Arm MTE on the Ampere-1a

August 6, 2025 - 3 mins read

Ampere’s newest CPU cores, the AmpereOne series, are the first server CPUs supporting Arm’s Memory Tagging Extension. Previously, this feature was only available on a few mobile CPUs, such as the Pixel 8’s Tensor G3 (featuring one Cortex-X3, four Cortex-A715, and four Cortex-A510 cores).

Only the Ampere-1a (CPU part 0xac4) and Ampere-1b (CPU part 0xac5) support MTE. The Ampere-1 (CPU part 0xac3) does not seem to support MTE according to LLVM’s feature flags.

We had previosly worked with MTE on our Cage project, where we used a Pixel 8 as our benchmarking device. This proved to be quite tricky, as the mobile cores on the Pixel tended to overheat. Even though we cooled the phone with a thermoelectric cooler on the back, results were still quite flaky.

Enabling MTE

When the Ampere-1a became available, some server vendors could not provide MTE functionality out of the box, even though the CPU supports it. After confirming with Supermicro, we bought a server from them. When this machine finally arrived, MTE did still not work out of the box. On our Supermicro board (Supermicro ARS-211M-NR), we needed to follow the following steps to enable MTE:

Boot into the builtin UEFI shell
Run the following command:

nvparam -s NVPDBOOT -i 56 -w 0x1

Reboot the machine

Performance Benchmarks

We re-ran some of the benchmarks from the Cage paper, most notably the main performance results as well as the instruction throughput/latency tests.

Instruction Throughput/Latencies

Instruction throughput is measured in instructions per cycle (IPC) and measures how many instructions can be retired per cycle, if there are no data dependencies between them. Latencies on the other hand are measured in cycles per instruction and represent the number of cycles an instruction takes.
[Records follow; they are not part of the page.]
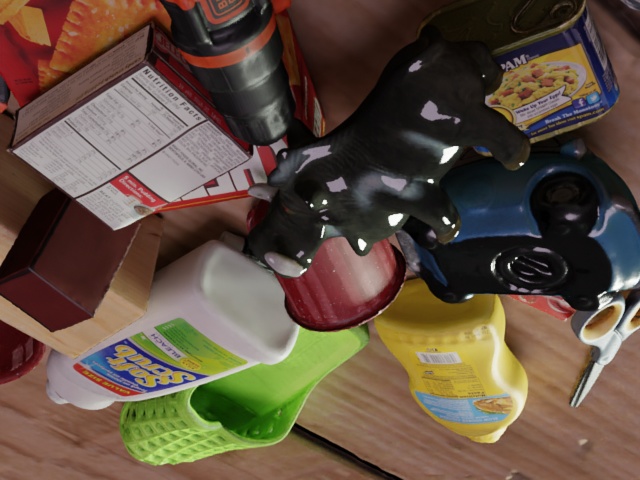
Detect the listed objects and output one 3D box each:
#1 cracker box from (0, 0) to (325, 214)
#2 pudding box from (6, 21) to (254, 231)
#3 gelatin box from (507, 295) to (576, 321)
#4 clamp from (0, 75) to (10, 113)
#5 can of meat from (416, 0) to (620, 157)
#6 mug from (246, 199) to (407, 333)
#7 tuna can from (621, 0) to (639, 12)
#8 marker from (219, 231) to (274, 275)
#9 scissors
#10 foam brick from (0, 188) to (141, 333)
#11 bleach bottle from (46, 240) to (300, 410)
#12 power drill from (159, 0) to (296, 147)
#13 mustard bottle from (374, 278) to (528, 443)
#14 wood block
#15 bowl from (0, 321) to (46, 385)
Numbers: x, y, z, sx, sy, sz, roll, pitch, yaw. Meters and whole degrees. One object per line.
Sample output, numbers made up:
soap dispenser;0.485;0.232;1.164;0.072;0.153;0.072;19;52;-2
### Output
cracker box;-0.101;-0.112;0.634;0.164;0.072;0.213;-8;137;12
pudding box;-0.106;-0.061;0.609;0.114;0.039;0.090;-27;131;26
gelatin box;0.170;0.017;0.786;0.089;0.030;0.073;25;132;-21
clamp;-0.233;-0.148;0.628;0.120;0.039;0.171;-26;133;25
can of meat;0.121;-0.105;0.641;0.102;0.057;0.084;-18;135;22
mug;-0.005;0.001;0.747;0.117;0.093;0.081;15;144;41
tuna can;0.198;-0.167;0.586;0.086;0.033;0.086;2;137;1
marker;-0.020;0.022;0.810;0.121;0.020;0.020;21;134;-18
scissors;0.215;0.088;0.849;0.096;0.016;0.202;-8;143;-29
foam brick;-0.158;0.008;0.664;0.051;0.078;0.053;41;141;-27
bleach bottle;-0.134;0.086;0.842;0.102;0.068;0.251;39;135;-24
power drill;0.005;-0.151;0.534;0.187;0.057;0.184;-34;140;-10
mustard bottle;0.116;0.108;0.864;0.096;0.058;0.191;-3;138;24
wood block;-0.219;-0.015;0.729;0.090;0.091;0.205;-31;128;33
bowl;-0.287;0.047;0.824;0.162;0.055;0.162;2;137;1

Inst	Cortex-X3 Tp	Cortex-X3 Lat	Cortex-A715 Tp	Cortex-A715 Lat	Cortex-A510 Tp	Cortex-A510 Lat	Ampere-1a Tp	Ampere-1a Lat
MTE
`irg`	1.34	1.99	1.00	2.00	0.50	3.00	0.29	3.47
`addg`	2.01	1.99	3.81	1.00	2.22	2.00	2.00	2.01
`subg`	2.01	1.99	3.81	1.00	2.22	2.00	2.00	1.00
`subp`	3.49	0.99	3.81	1.00	2.50	2.00	3.82	1.00
`subps`	2.88	0.99	3.80	1.00	2.50	2.00	1.91	1.00
`stg`	1.00	–	1.81	–	1.00	–	1.00	–
`st2g`	1.00	–	1.84	–	0.46	–	0.50	–
`stzg`	1.00	–	1.84	–	0.98	–	1.00	–
`st2zg`	0.34	–	1.79	–	0.45	–	0.50	–
`stgp`	1.00	–	1.69	–	0.98	–	1.00	–
`ldg`	2.92	–	1.91	–	0.93	–	1.96	–
PAC
`pacdza`	1.01	4.97	1.51	5.00	0.20	4.99	0.50	6.98
`pacda`	1.01	4.97	1.42	5.00	0.20	5.00	0.50	7.02
`autdza`	1.01	4.97	1.51	5.00	0.20	7.99	0.45	6.98
`autda`	1.01	4.97	1.43	5.00	0.20	7.99	0.50	6.98
`xpacd`	1.01	1.99	1.56	2.00	0.20	4.99	0.50	6.98

The numbers for the Cortex cores are taken from the Cage paper. To reproduce them, take a look at the Appendix A.

Overall, it seems MTE performs quite well on the Ampere chips. While performing the benchmarks for the Cage paper, I would have loved to have access to a machine with proper cooling, more cores, RAM, and without having to run Android. I’m curious to see if other vendors follow suit and also implement MTE in their chips.